At the risk of sounding like a chauvinist, I believe this question would be best answered by the female members of Writing Forums. I am working on my new novel and am at a part where a fugitive wants to change his hair color from dark brown to rusty red. Also, would said hair color also work on facial hair?

So, my question is. Can you actually buy a box of this stuff and make it happen and how long will it take?


----------



## sas (Oct 19, 2017)

Men use hair and beard dye. I am with THAT GUY. He uses "Touch of Gray" (Product: Just For Men) for beard. He got sick of sparse head hair (aka: bald), so shaved it all off. Looks great like that. He wants a touch of grey, but can totally dye one color. Men are fakers, too. And, that other F word, sometimes. (It is done at home, quickly. Half hour, probably)


----------



## Kevin (Oct 19, 2017)

You can. You have to strip out the dark color first, and then you re-color with whatever. So that means bleach, rinse, and then color. Just a color - red over dark will be a dark, dark with some red tone, maybe. It's all chemistry and alchemy so he should go to a pro. Otherwise he may melt his own hair off, especially if he learns the hard way, and does a double process. Yeah...wife's a hairdresser.


----------



## sas (Oct 19, 2017)

I went from brown to blond without all that. Did not bleach out. But, my hair started looking like straw after a few months.

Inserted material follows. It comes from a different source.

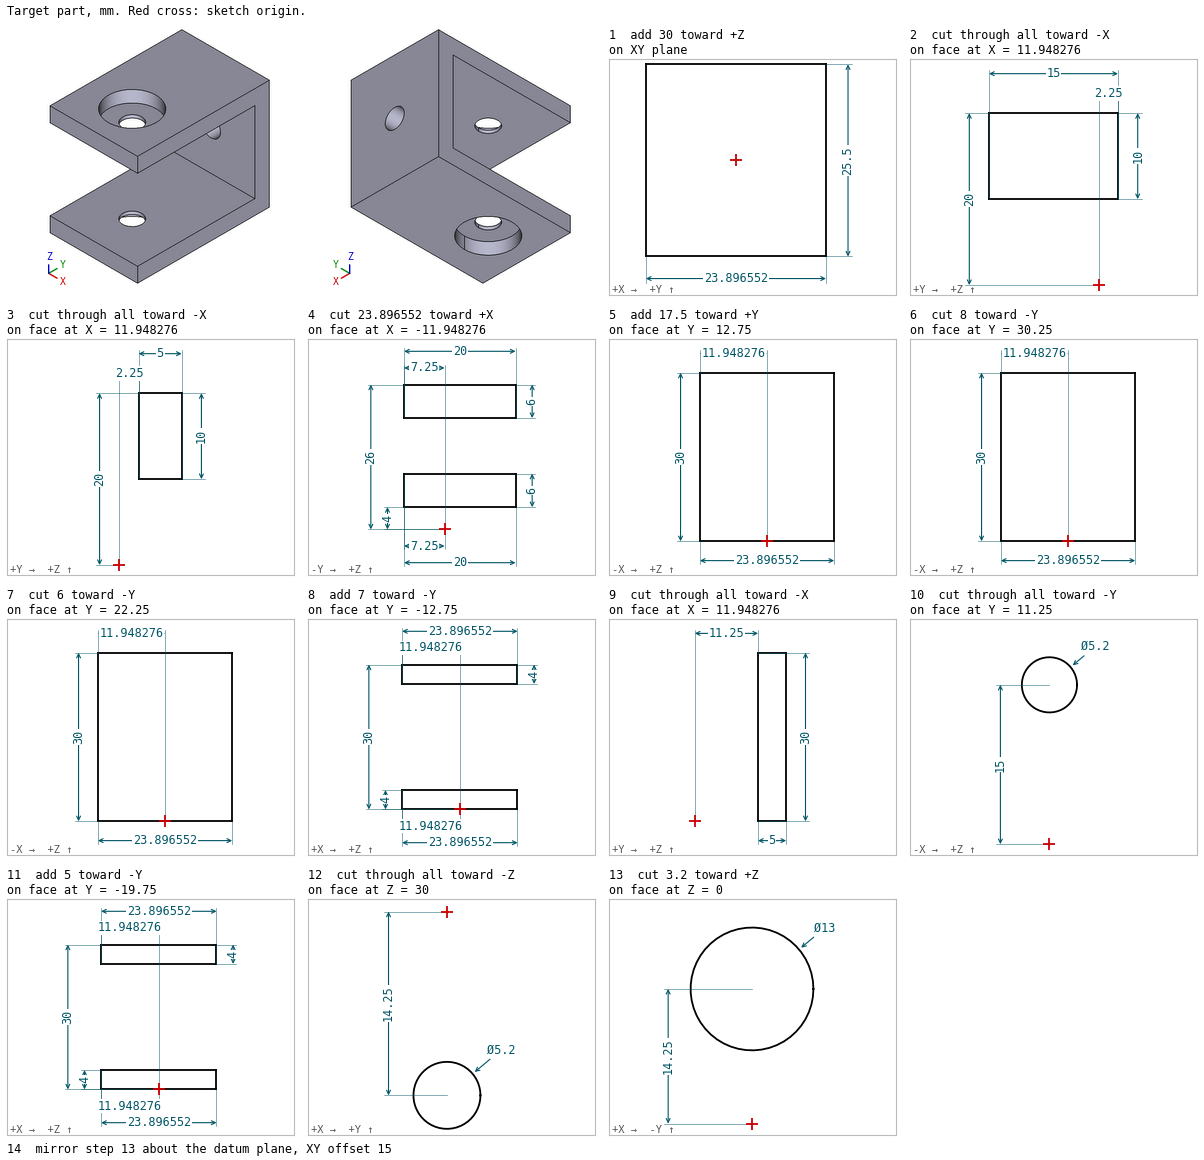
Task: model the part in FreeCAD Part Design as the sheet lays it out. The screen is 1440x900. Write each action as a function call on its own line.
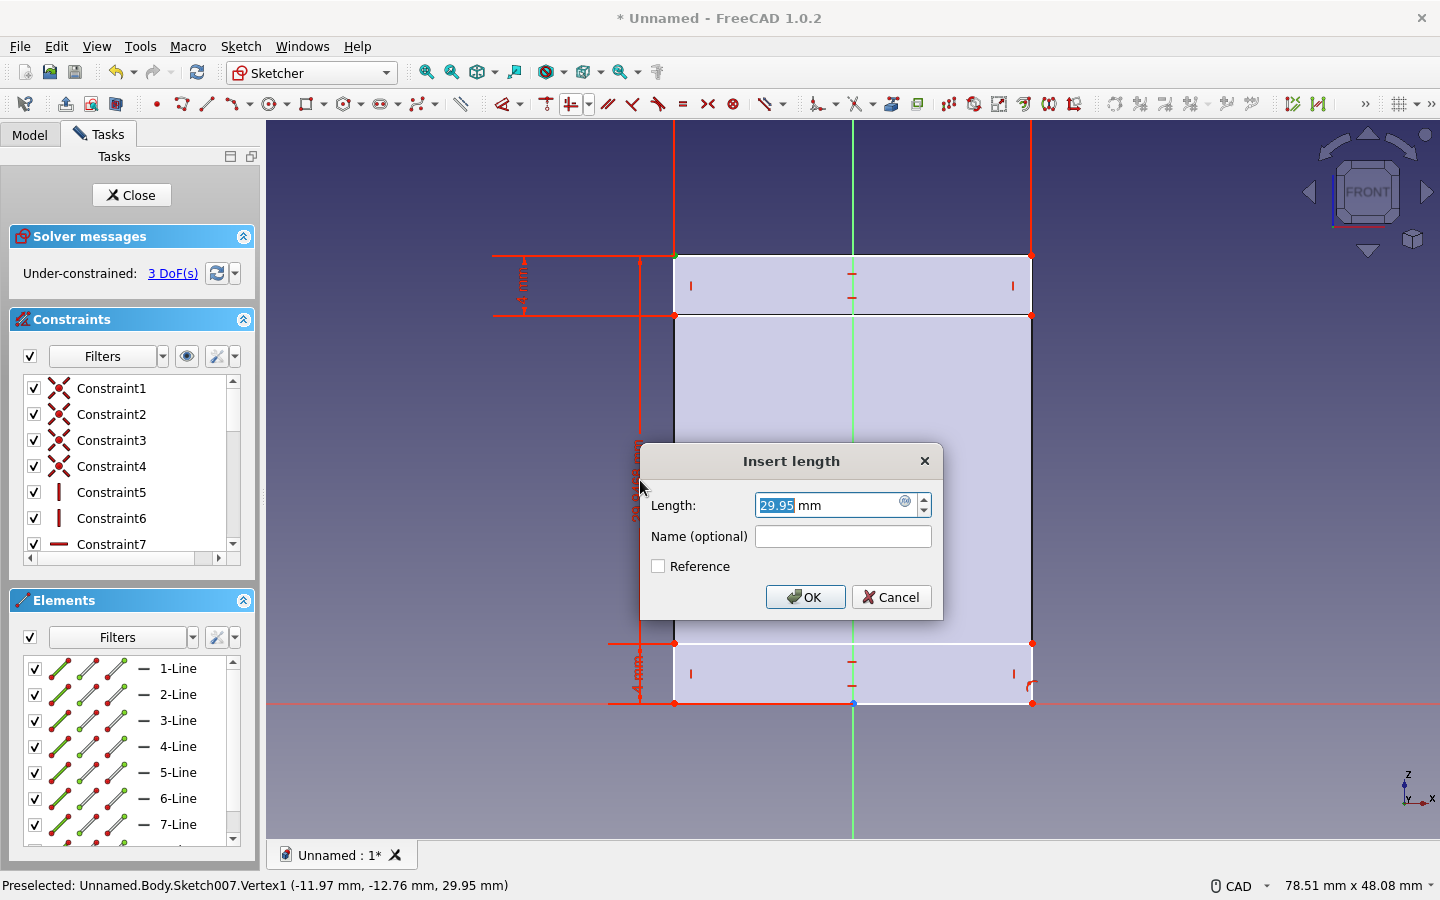
text(30)
key(Return)

Stopped.


----------



## Kevin (Oct 20, 2017)

The product you used had to have bleach in it. . Take "sun-in" -it's a spray peroxide -bleach. You end up with orange hair , a nice orangutan G orange lol. A "high-lift blonde" ( only on natural hair-not pre-colored)  contains peroxide. You can buy that off the shelf. I guess if the characters a criminal he won't care too much what his hair looks like as long as it is not his original color. 
Likewise, yes, you can buy an off the shelf, brown to red do it yourself product. Short answer.


----------



## Jack of all trades (Oct 20, 2017)

Do men have to use a product that is labeled for men? Isn't hair hair?


----------



## aj47 (Oct 20, 2017)

I think if he's dying his beard, there might be tools involved that are included in the beard kit that wouldn't be in a kit intended for scalp hair.  I think the chemicals would be the same, though.   It's easier to go darker than lighter. 

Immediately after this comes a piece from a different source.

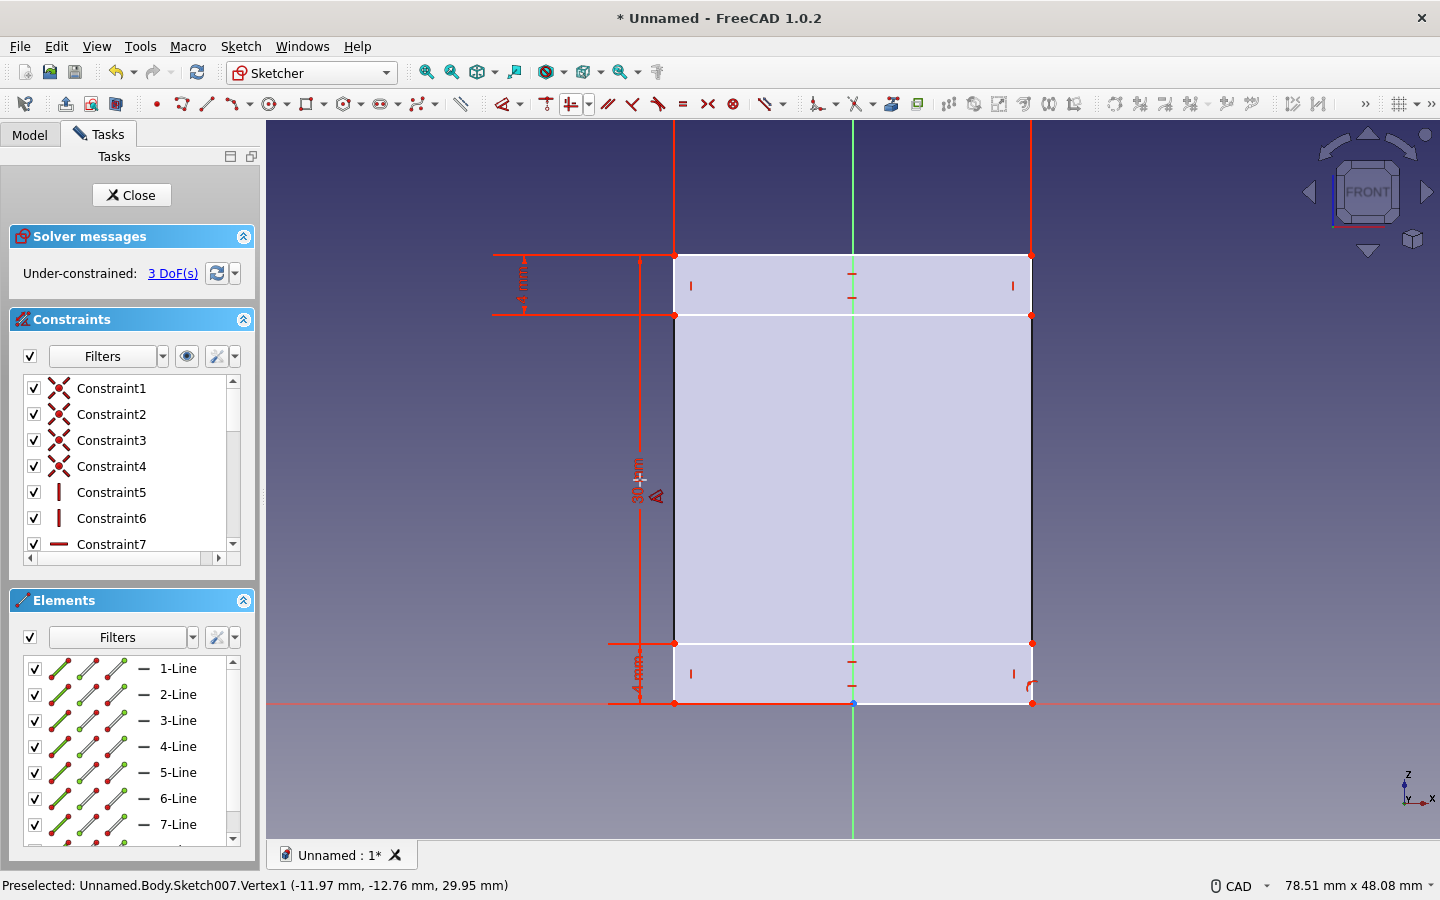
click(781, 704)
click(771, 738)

When I was in my twenties, I colored my hair the reddest red I could find at my drugstore with a capful of the darkest brown mixed in.  Without bleach, so I had dark reddish hair.  I have naturally pale skin to the point I can't wear gold jewelry to good effect and I tend to freckle if I get sun, rather than tan, so it worked well.


----------



## sas (Oct 20, 2017)

Well, my guy used made for men products. It probably is more psychological. But, astro is right about beard dye coming with special application tool. Go to a drugstore and buy a box. It is cheap.


----------



## ppsage (Oct 20, 2017)

Well MJ, I'm with sas. This is your big chance to actually live what you write about!


----------



## MJ Preston (Oct 21, 2017)

ppsage said:


> Well MJ, I'm with sas. This is your big chance to actually live what you write about!



Haha, I don't think that's what sas was suggesting. Thanks to everyone for all the comebacks. I watched a couple videos on hair dye as well and I'm going to employ a bit of artistic freedom to meet my needs. 

Thank you to everyone who came back on this.


----------